White Opal Betta Names
Now that you are ready to take care of a White Opal Betta, it’s time to bring one home. Although all Bettas come with unique personalities, naming them always makes things slightly more interesting.
That said, you can always choose to name your fish after its white sheen. Snowball, Mayonnaise, Diamond, Dove, Ghost, Moonshine, Sugar, Swan, and Vanilla are some catchy name ideas for these white fish.
However, you don’t need to pay tribute to its color and can even go in an opposite direction — perhaps, by naming it Raven or Panther!
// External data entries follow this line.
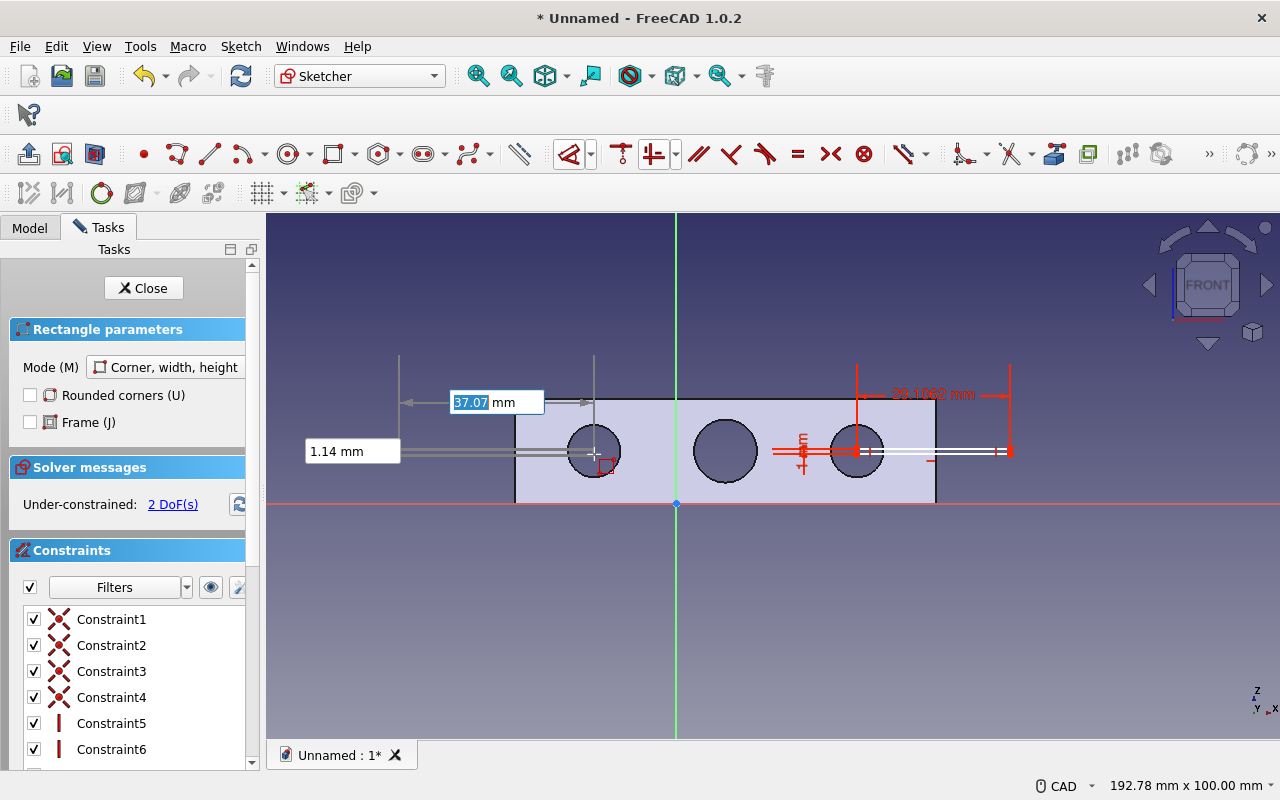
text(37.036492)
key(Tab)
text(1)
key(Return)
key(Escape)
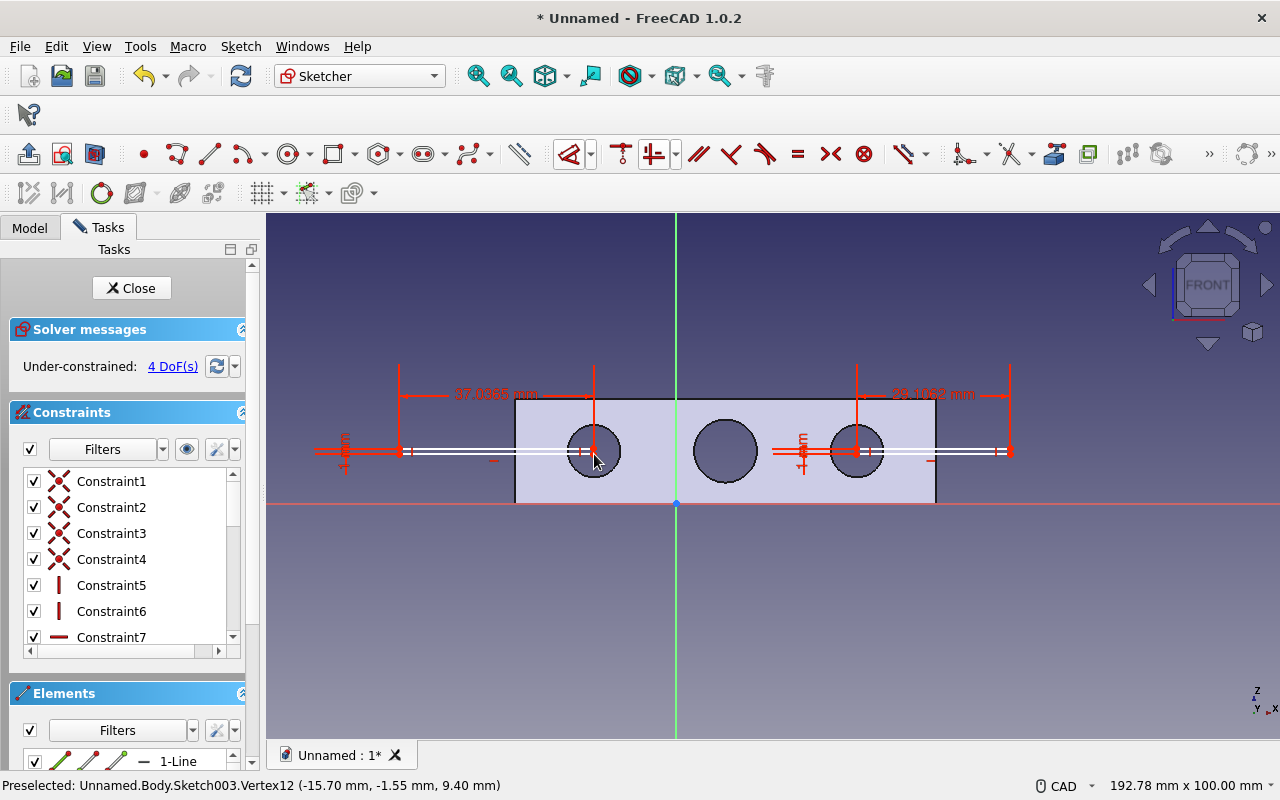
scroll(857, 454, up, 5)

Red, white, black, and, of course, a shimmering white — there is a Betta fish to suit every pet owner’s taste in color. Nevertheless, the essential facts to remember are your fish’s specific needs and requirements that help retain its appearance.
However, the color of a Betta fish does not only serve an aesthetic purpose. In fact, it may also reveal the fish’s feelings. That said, a color change may be a sign of growth and maturity.
Or perhaps, it indicates the fish’s relieved state of mind on moving to an enriching environment after being caged in a confined space in the corner of a pet store.
Similarly, a golden hue, white spots, or deteriorating color in a colored Betta fish may be symptoms of illness. So, don’t forget to keep a close watch on the changing colors of your White Opal Betta — whether you are simply admiring it or looking for signs of trouble.